Kavcıoğlu, Finansal İstikrar Raporu’nun son sayısından bu yana iktisadi faaliyetteki güçlü görünümün korunduğu ve jeopolitik gelişmelerin olumsuz ekonomik yansımalarına rağmen dış talebin büyümeye katkısının devam ettiğini belirtti. “İhracattaki canlı seyir ve turizm sektöründeki toparlanmaya karşın küresel emtia fiyatlarındaki yükseliş ve artan oynaklık cari işlemler açığındaki iyileşmeyi geciktirmektedir” diyen Kavcıoğlu‘nun değerlendirmesinde şu sözlere yer verildi:
Kredilerin büyüme hızı takip ediliyor
“Reel sektörün borçluluk oranı emsal ülkelere kıyasla olumlu olarak ayrışmaktadır. Şirketler kesiminin kârlılık, borçluluk ve YP pozisyon göstergelerindeki olumlu görünüm korunurken, firmalar dış borçlarını yüzde 100’ün üzerinde yenileyebilme kapasitelerini sürdürmektedirler. Hane halkının borçluluk oranı emsal ülke ortalamasının altında yer almaya devam etmektedir. Şirketler kesimi ve hane halkı finansal dayanıklılık göstergeleri genel iyileşme eğilimlerini önceki Rapor dönemi sonrasında da korumaktadır. Son dönemde hızlanan kredi büyümesinde, yükselen girdi maliyetlerinin işletme sermayesi ihtiyacını artırmasıyla da güçlenen TL firma kredileri belirleyicidir. Bireysel kredi büyümesi geçen yıl uygulamaya alınan makroihtiyati tedbirlerin etkisiyle dengeli bir seyir izlemiştir. Kredilerin büyüme hızının ve finansman kaynaklarının amacına uygun şekilde iktisadi faaliyet ile buluşmasını teminen güçlendirilen makroihtiyati politika çerçevesinin etkileri yakından takip edilmektedir. Kredilerin finansal istikrarla uyumlu büyümesi ve iktisadi faaliyetle sağlıklı buluşması bağlamında ilave tedbirler alınmaya devam edilecektir. Bankacılık sektörünün aktif kalitesi, likidite, kârlılık ve sermaye yeterliliği göstergelerindeki olumlu görünüm devam etmektedir.”
Kur riski göstergelerindeki iyileşme sürüyor
Rapora göre ise reel sektörün yabancı para borcu gerilerken, kur riski göstergelerinde iyileşme sürüyor.
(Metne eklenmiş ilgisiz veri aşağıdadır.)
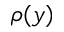<formula> <loc_0><loc_0><loc_500><loc_500>\rho ( y )</formula>

Bankacılıkta aktif kalitesi ise olumlu görünümünü koruyor. Raporda, geçen yıl genelinde iç ve dış talebin katkısıyla güçlü bir seyir izleyen iktisadi faaliyetin, 2022’nin ilk çeyreğinde de bu seyrini koruduğuna işaret edilerek, şunlar kaydedildi:
“Geçen yılın son çeyreğinde büyümenin temel belirleyicisi özel tüketim öncülüğünde nihai yurt içi talep olmuş, net ihracatın büyümeye katkısı devam etmiştir. Hane halkı borçluluğu, iktisadi faaliyetin güçlü seyrinin de etkisiyle 2020 yılı 3. çeyreğinden itibaren azalmış olup, seviye olarak gelişmekte olan ülkeler ortalamasının oldukça altında bulunmaktadır. Öte yandan, borçlanmanın artan oranda sabit gelirli kesim tarafından yapılması öngörülebilir nakit akışı oluşturarak finansal istikrarı desteklemektedir. Hane halkı finansal varlıklarındaki artış eğilimi, mevduat ve mevduat dışı finansal varlıklardaki güçlü büyüme ile devam etmektedir. Bu dönemde, hane halkının hisse senedi ve yatırım fonları gibi mevduat dışı TL finansal varlıklara yönelimi de dikkat çekmektedir. Bu eğilimler finansal derinleşmeyi güçlendirici nitelikleri ile öne çıkmaktadır.”